= Achille St. Onge =

American publisher

Achille St. Onge (January 17, 1913–April 23, 1978) was a publisher of miniature books from Worcester, Massachusetts. St. Onge began publishing miniature books as a hobby in 1935, and by the time he stopped publishing in 1977, he had created 48 miniature books, which are prized by collectors.

St. Onge's publications are known for their uniformity of size and elegance and clarity of design. He oversaw every aspect of the books, and collaborated with many prominent printers, presses, type designers, and binders. Some of these include the Merrymount Press, binders Sangorski & Sutcliffe, printer and papermaker Daniel Berkeley Updike, and book designer and typographer Bruce Rogers. St. Onge published traditional, often revered texts, such as famous speeches by presidents, classic short stories and essays, sermons, eulogies, and brief biographies of famous historical figures.

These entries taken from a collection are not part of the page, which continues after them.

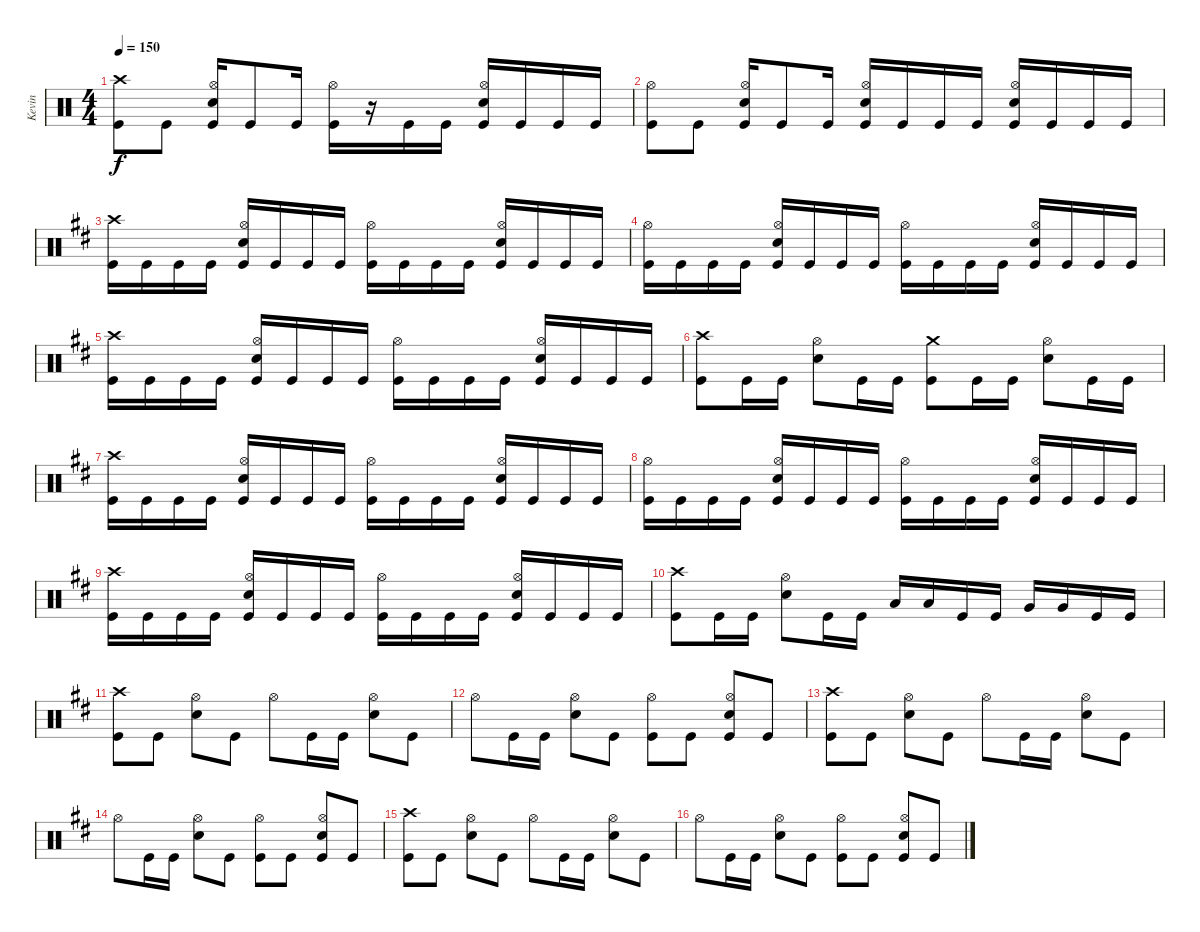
\track ("Kevin" "Kevin") {instrument percussion}
\staff {score}
\articulation defaults
\ts (4 4)
\tempo 150
\clef neutral
\ks c
("Crash high (hit)" "Kick (hit)").8{dy f} "Kick (hit)".8 ("Hi-Hat (open)" "Snare (hit) 2" "Kick (hit)").16 "Kick (hit)".8 "Kick (hit)".16 ("Hi-Hat (open)" "Kick (hit)").16 r.16 "Kick (hit)".16 "Kick (hit)".16 ("Hi-Hat (open)" "Snare (hit) 2" "Kick (hit)").16 "Kick (hit)".16 "Kick (hit)".16 "Kick (hit)".16 |
("Hi-Hat (open)" "Kick (hit)").8 "Kick (hit)".8 ("Hi-Hat (open)" "Snare (hit) 2" "Kick (hit)").16 "Kick (hit)".8 "Kick (hit)".16 ("Hi-Hat (open)" "Snare (hit) 2" "Kick (hit)").16 "Kick (hit)".16 "Kick (hit)".16 "Kick (hit)".16 ("Hi-Hat (open)" "Snare (hit) 2" "Kick (hit)").16 "Kick (hit)".16 "Kick (hit)".16 "Kick (hit)".16 |
\ks d
("Crash high (hit)" "Kick (hit)").16 "Kick (hit)".16 "Kick (hit)".16 "Kick (hit)".16 ("Hi-Hat (open)" "Snare (hit) 2" "Kick (hit)").16 "Kick (hit)".16 "Kick (hit)".16 "Kick (hit)".16 ("Hi-Hat (open)" "Kick (hit)").16 "Kick (hit)".16 "Kick (hit)".16 "Kick (hit)".16 ("Hi-Hat (open)" "Snare (hit) 2" "Kick (hit)").16 "Kick (hit)".16 "Kick (hit)".16 "Kick (hit)".16 |
("Hi-Hat (open)" "Kick (hit)").16 "Kick (hit)".16 "Kick (hit)".16 "Kick (hit)".16 ("Hi-Hat (open)" "Snare (hit) 2" "Kick (hit)").16 "Kick (hit)".16 "Kick (hit)".16 "Kick (hit)".16 ("Hi-Hat (open)" "Kick (hit)").16 "Kick (hit)".16 "Kick (hit)".16 "Kick (hit)".16 ("Hi-Hat (open)" "Snare (hit) 2" "Kick (hit)").16 "Kick (hit)".16 "Kick (hit)".16 "Kick (hit)".16 |
("Crash high (hit)" "Kick (hit)").16 "Kick (hit)".16 "Kick (hit)".16 "Kick (hit)".16 ("Hi-Hat (open)" "Snare (hit) 2" "Kick (hit)").16 "Kick (hit)".16 "Kick (hit)".16 "Kick (hit)".16 ("Hi-Hat (open)" "Kick (hit)").16 "Kick (hit)".16 "Kick (hit)".16 "Kick (hit)".16 ("Hi-Hat (open)" "Snare (hit) 2" "Kick (hit)").16 "Kick (hit)".16 "Kick (hit)".16 "Kick (hit)".16 |
("Crash high (hit)" "Kick (hit)").8 "Kick (hit)".16 "Kick (hit)".16 ("Hi-Hat (open)" "Snare (hit) 2").8 "Kick (hit)".16 "Kick (hit)".16 ("Crash medium (hit)" "Kick (hit)").8 "Kick (hit)".16 "Kick (hit)".16 ("Hi-Hat (open)" "Snare (hit) 2").8 "Kick (hit)".16 "Kick (hit)".16 |
("Crash high (hit)" "Kick (hit)").16 "Kick (hit)".16 "Kick (hit)".16 "Kick (hit)".16 ("Hi-Hat (open)" "Snare (hit) 2" "Kick (hit)").16 "Kick (hit)".16 "Kick (hit)".16 "Kick (hit)".16 ("Hi-Hat (open)" "Kick (hit)").16 "Kick (hit)".16 "Kick (hit)".16 "Kick (hit)".16 ("Hi-Hat (open)" "Snare (hit) 2" "Kick (hit)").16 "Kick (hit)".16 "Kick (hit)".16 "Kick (hit)".16 |
("Hi-Hat (open)" "Kick (hit)").16 "Kick (hit)".16 "Kick (hit)".16 "Kick (hit)".16 ("Hi-Hat (open)" "Snare (hit) 2" "Kick (hit)").16 "Kick (hit)".16 "Kick (hit)".16 "Kick (hit)".16 ("Hi-Hat (open)" "Kick (hit)").16 "Kick (hit)".16 "Kick (hit)".16 "Kick (hit)".16 ("Hi-Hat (open)" "Snare (hit) 2" "Kick (hit)").16 "Kick (hit)".16 "Kick (hit)".16 "Kick (hit)".16 |
("Crash high (hit)" "Kick (hit)").16 "Kick (hit)".16 "Kick (hit)".16 "Kick (hit)".16 ("Hi-Hat (open)" "Snare (hit) 2" "Kick (hit)").16 "Kick (hit)".16 "Kick (hit)".16 "Kick (hit)".16 ("Hi-Hat (open)" "Kick (hit)").16 "Kick (hit)".16 "Kick (hit)".16 "Kick (hit)".16 ("Hi-Hat (open)" "Snare (hit) 2" "Kick (hit)").16 "Kick (hit)".16 "Kick (hit)".16 "Kick (hit)".16 |
("Crash high (hit)" "Kick (hit)").8 "Kick (hit)".16 "Kick (hit)".16 ("Hi-Hat (open)" "Snare (hit) 2").8 "Kick (hit)".16 "Kick (hit)".16 "Low Tom (hit)".16 "Low Tom (hit)".16 "Kick (hit)".16 "Kick (hit)".16 "Very Low Tom (hit)".16 "Very Low Tom (hit)".16 "Kick (hit)".16 "Kick (hit)".16 |
("Crash high (hit)" "Kick (hit)").8 "Kick (hit)".8 ("Hi-Hat (open)" "Snare (hit) 2").8 "Kick (hit)".8 "Hi-Hat (open)".8 "Kick (hit)".16 "Kick (hit)".16 ("Hi-Hat (open)" "Snare (hit) 2").8 "Kick (hit)".8 |
"Hi-Hat (open)".8 "Kick (hit)".16 "Kick (hit)".16 ("Hi-Hat (open)" "Snare (hit) 2").8 "Kick (hit)".8 ("Hi-Hat (open)" "Kick (hit)").8 "Kick (hit)".8 ("Hi-Hat (open)" "Snare (hit) 2" "Kick (hit)").8 "Kick (hit)".8 |
("Crash high (hit)" "Kick (hit)").8 "Kick (hit)".8 ("Hi-Hat (open)" "Snare (hit) 2").8 "Kick (hit)".8 "Hi-Hat (open)".8 "Kick (hit)".16 "Kick (hit)".16 ("Hi-Hat (open)" "Snare (hit) 2").8 "Kick (hit)".8 |
"Hi-Hat (open)".8 "Kick (hit)".16 "Kick (hit)".16 ("Hi-Hat (open)" "Snare (hit) 2").8 "Kick (hit)".8 ("Hi-Hat (open)" "Kick (hit)").8 "Kick (hit)".8 ("Hi-Hat (open)" "Snare (hit) 2" "Kick (hit)").8 "Kick (hit)".8 |
("Crash high (hit)" "Kick (hit)").8 "Kick (hit)".8 ("Hi-Hat (open)" "Snare (hit) 2").8 "Kick (hit)".8 "Hi-Hat (open)".8 "Kick (hit)".16 "Kick (hit)".16 ("Hi-Hat (open)" "Snare (hit) 2").8 "Kick (hit)".8 |
"Hi-Hat (open)".8 "Kick (hit)".16 "Kick (hit)".16 ("Hi-Hat (open)" "Snare (hit) 2").8 "Kick (hit)".8 ("Hi-Hat (open)" "Kick (hit)").8 "Kick (hit)".8 ("Hi-Hat (open)" "Snare (hit) 2" "Kick (hit)").8 "Kick (hit)".8

A miniature book published by St. Onge was the only book taken on the Apollo 11 mission in 1969, and was thus the first book on the moon. It was a copy of Robert Hutchings Goddard: Father of the Space Age (1966). The book's colophon states, "One thousand nine hundred twenty six copies of this book were printed by Joh. Enschedé en Zonen, Haarlem, Holland, and bound by Proost en Brandt N.V., Amsterdam, Holland to commemorate the fortieth anniversary of the launching of the first liquid-propelled rocket at Auburn, Massachusetts, March 16, 1926." St. Onge gave the book to Buzz Aldrin, asking him to take it with him and leave it on the moon. Since he was not permitted to leave it behind, Buzz brought it back with him and gave it to Esther Goddard, Robert Goddard's wife. The book now resides at Clark University's Archives and Special Collections.

== Archives ==
The Achille St. Onge papers reside at Clark University.